Уже спускаясь с вертолётки, я услышал рёв раненого бизона — Захаров начал производить разбор полётов и залётов.
— Тащ, так я за винтовкой? – раздалось у меня за спиной. Я повернулся – Логинов с горящими охотничьим азартом глазами сжимал руками воображаемое оружие.
— Давай. И смотри там за нашими соколами, чтобы они никого не припахали вместо себя.
Первый раз за прошедшее со вчерашнего вечера время я подошёл к двери своей каюты. Постоял тихонечко. Потом резко нажал на ручку и распахнул дверь. Из кресла на пол уже привычно выпал старший матрос Ким. Вскакивая с палубы, он потерял равновесие и врезался головой в холодильник. Потом всё-таки смог принять стойку «смирно» и начал с ожесточением есть глазами начальство, всячески показывая свою готовность к выполнению любого приказания.
Каюта блестела, как котово яйцо в марте месяце. Во время мартовского гона. Всё было чистенько-новенько-красивенько. Никаких следов пребывания проклятой птицы в каюте видно не было. Мало того, в воздухе висел лёгкий аромат какого-то приятного одеколона. В ответ на мои удивлённо поднятые брови Ким тут же пояснил:
— ПКС, когда проверял, принёс какую-то гадость и брызгал на ковры и шторы. Я ему говорил, что у меня «Тройной» есть, что побрызгаю, так он не дал, своим брызгал, наверное, к Вам подлизывается. Накосячил, наверное, кто-то из снабженцев, вот он и дёргается.
— Разрешите? – раздалось от двери и в каюту вошёл Главный боцман. – Паскуды! Млядь, какие паскуды! А ты, Ким, что здесь прохлаждаешься? А ну марш на бак, в такелажную кладовую! Там тебя мичман Авдащенко дожидается, прямо извёлся весь, любуется бардаком в твоей кладовке. Он тебя мигом на дроби разложит и к общему знаменателю приведёт, а то научился, паразит, в каюте помощника командира сачковать. Марш отсюда!
— Андреич, что за паскуды у нас завелись? – спросил я у Главного боцмана, кивая ему на стул и протягивая открытую пачку «Беломора» своему ближайшему помощнику.
— Да погань эта с крыльями, летают две штуки над кораблём и срут, срут, да всё на палубу и на переборки! Ну откуда в них столько дерьма? – почти дословно повторил мои мысли Литус.

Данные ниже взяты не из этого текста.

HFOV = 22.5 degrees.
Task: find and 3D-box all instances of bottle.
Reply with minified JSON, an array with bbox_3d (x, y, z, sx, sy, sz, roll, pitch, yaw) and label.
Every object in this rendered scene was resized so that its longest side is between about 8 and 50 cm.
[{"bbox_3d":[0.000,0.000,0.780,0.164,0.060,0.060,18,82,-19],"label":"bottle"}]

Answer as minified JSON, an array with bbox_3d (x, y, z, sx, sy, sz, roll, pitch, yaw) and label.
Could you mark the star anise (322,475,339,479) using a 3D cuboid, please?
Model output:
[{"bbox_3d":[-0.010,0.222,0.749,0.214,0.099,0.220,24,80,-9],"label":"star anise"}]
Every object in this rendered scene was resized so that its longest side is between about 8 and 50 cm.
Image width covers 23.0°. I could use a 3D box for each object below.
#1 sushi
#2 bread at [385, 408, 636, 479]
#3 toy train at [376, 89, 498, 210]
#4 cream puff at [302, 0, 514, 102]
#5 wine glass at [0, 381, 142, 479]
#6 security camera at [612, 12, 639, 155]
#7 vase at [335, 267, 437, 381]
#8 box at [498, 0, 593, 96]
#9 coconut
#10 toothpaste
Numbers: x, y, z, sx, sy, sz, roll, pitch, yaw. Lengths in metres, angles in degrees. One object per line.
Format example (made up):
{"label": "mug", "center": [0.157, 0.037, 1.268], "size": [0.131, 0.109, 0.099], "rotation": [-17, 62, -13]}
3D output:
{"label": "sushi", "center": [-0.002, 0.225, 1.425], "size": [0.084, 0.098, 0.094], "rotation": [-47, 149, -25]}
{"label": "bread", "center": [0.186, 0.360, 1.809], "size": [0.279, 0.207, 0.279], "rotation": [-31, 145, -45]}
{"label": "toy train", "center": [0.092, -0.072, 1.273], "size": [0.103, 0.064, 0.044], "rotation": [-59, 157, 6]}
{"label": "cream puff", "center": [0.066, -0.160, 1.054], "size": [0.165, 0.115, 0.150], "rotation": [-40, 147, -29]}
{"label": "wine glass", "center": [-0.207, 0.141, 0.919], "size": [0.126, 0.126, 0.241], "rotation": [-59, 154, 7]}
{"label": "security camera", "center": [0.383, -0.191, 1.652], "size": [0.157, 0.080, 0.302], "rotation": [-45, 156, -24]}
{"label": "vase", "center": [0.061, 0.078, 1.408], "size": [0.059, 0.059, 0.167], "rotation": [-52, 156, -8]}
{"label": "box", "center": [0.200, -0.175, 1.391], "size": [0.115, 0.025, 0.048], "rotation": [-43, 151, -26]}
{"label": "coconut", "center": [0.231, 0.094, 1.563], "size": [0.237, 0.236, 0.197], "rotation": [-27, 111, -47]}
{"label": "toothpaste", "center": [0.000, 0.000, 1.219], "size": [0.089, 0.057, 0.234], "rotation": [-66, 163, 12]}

— Да ладно тебе, их наш снайпер доморощенный до обеда обещал грохнуть. Он сейчас, должно быть, винтовку собирает и смазывает. Да, кстати, тебе спирт нужен?
— Конечно, мы когда домой вернёмся, на шкиперских складах надо будет проставляться, иначе хрен чего получим в нынешних условиях.
— К тебе сегодня летуны подойдут, будут клянчить инструмент, кисти, краски, растворители, грунты. Они нам крыши ангаров перекрасят, сами вкалывать будут. Поэтому ты им задёшево на сдавайся.
— Никита Саныч, а что так?
Я в двух словах нарисовал Александру Андреевичу картину произошедшего. Тот весело заржал и убыл из каюты в приподнятом настроении.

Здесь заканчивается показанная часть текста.